An exact transcription of every record is needed, leaving out the pictures.

● **Excerpted data**:
....................

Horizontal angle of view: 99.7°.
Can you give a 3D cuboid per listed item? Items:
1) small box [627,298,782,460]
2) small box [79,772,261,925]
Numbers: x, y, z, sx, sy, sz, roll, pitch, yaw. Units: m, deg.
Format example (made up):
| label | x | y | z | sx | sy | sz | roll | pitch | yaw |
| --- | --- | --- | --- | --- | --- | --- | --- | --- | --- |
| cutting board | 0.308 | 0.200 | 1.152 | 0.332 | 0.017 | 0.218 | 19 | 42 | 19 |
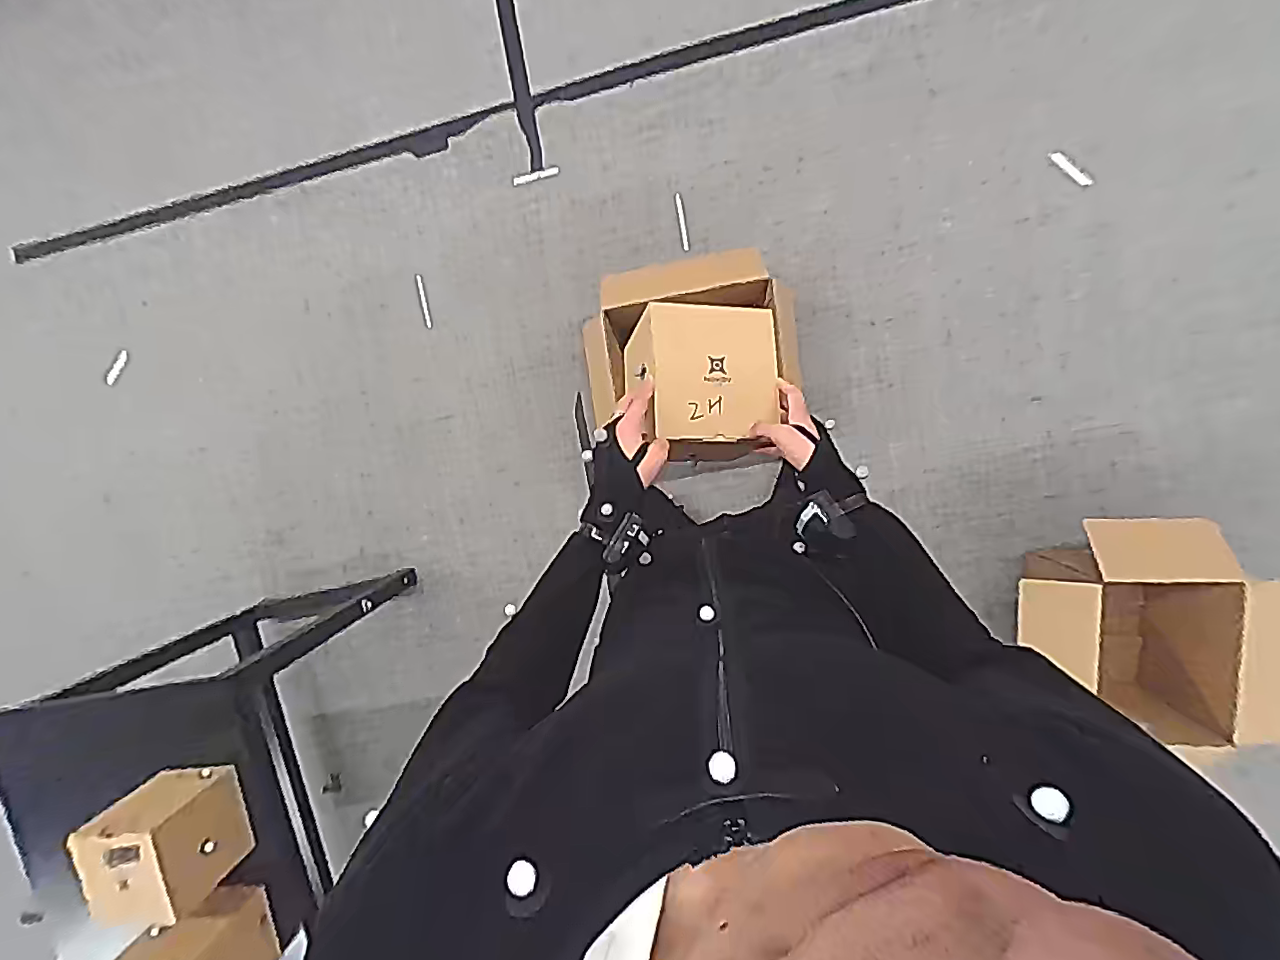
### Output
| label | x | y | z | sx | sy | sz | roll | pitch | yaw |
| --- | --- | --- | --- | --- | --- | --- | --- | --- | --- |
| small box | 0.078 | -0.127 | 0.742 | 0.168 | 0.176 | 0.179 | -1 | 84 | -12 |
| small box | -0.851 | 0.666 | 0.997 | 0.168 | 0.176 | 0.179 | -9 | 98 | 8 |
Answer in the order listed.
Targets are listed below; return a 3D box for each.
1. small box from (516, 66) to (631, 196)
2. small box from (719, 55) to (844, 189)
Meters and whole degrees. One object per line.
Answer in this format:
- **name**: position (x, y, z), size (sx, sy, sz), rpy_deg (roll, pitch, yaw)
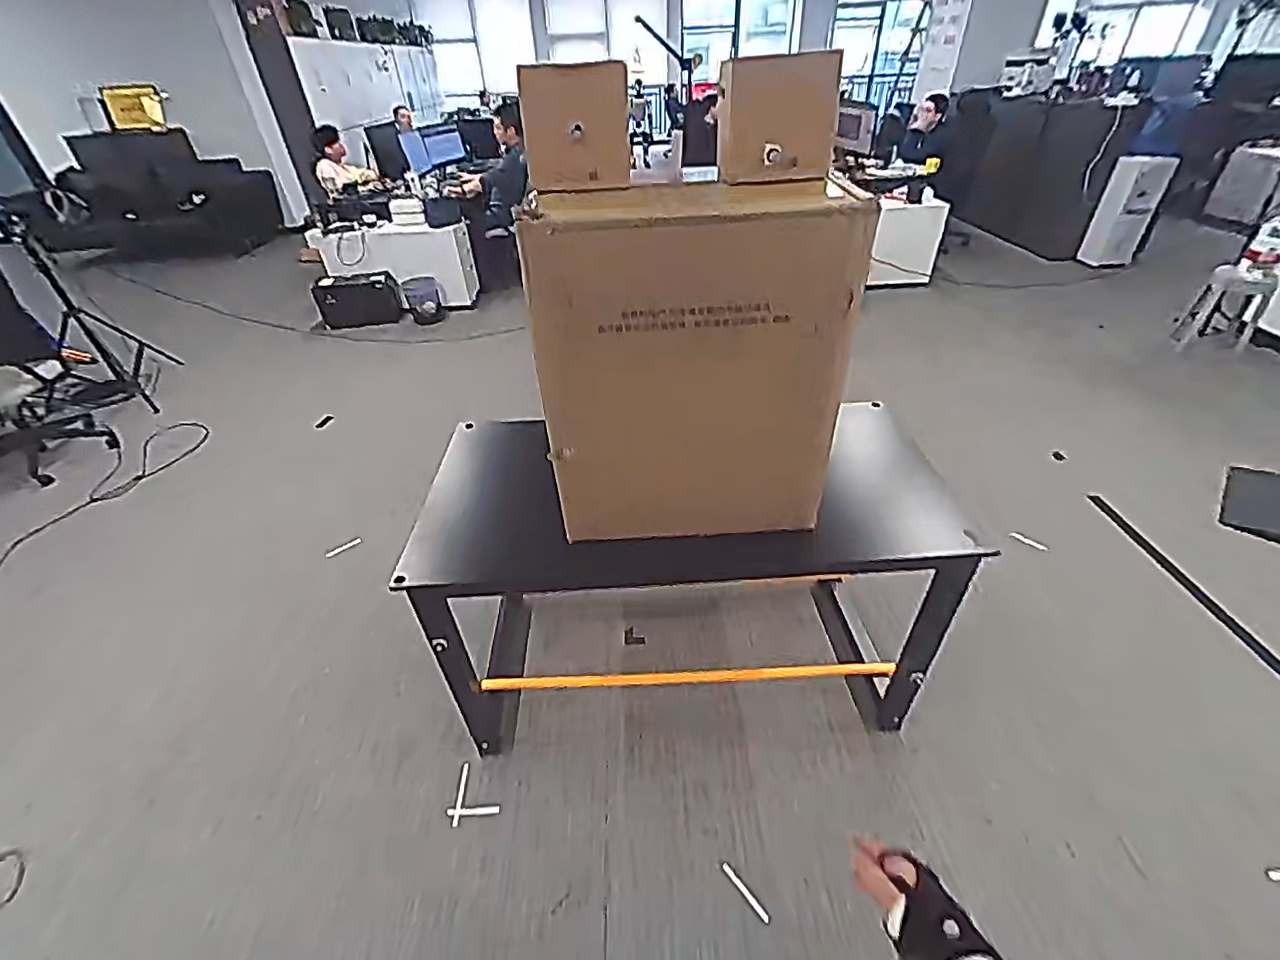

....................

● **Output for this task**:
Horizontal angle of view: 99.7°.
Can you give a 3D cuboid per listed item? Items:
1) small box [627,298,782,460]
2) small box [79,772,261,925]
Numbers: x, y, z, sx, sy, sz, roll, pitch, yaw. Units: m, deg.
Format example (made up):
| label | x | y | z | sx | sy | sz | roll | pitch | yaw |
| --- | --- | --- | --- | --- | --- | --- | --- | --- | --- |
| cutting board | 0.308 | 0.200 | 1.152 | 0.332 | 0.017 | 0.218 | 19 | 42 | 19 |
### Output
| label | x | y | z | sx | sy | sz | roll | pitch | yaw |
| --- | --- | --- | --- | --- | --- | --- | --- | --- | --- |
| small box | 0.078 | -0.127 | 0.742 | 0.168 | 0.176 | 0.179 | -1 | 84 | -12 |
| small box | -0.851 | 0.666 | 0.997 | 0.168 | 0.176 | 0.179 | -9 | 98 | 8 |
Answer in the order listed.
Targets are listed below; return a 3D box for each.
1. small box from (516, 66) to (631, 196)
2. small box from (719, 55) to (844, 189)
Meters and whole degrees. One object per line.
Answer in this format:
- **name**: position (x, y, z), size (sx, sy, sz), rpy_deg (roll, pitch, yaw)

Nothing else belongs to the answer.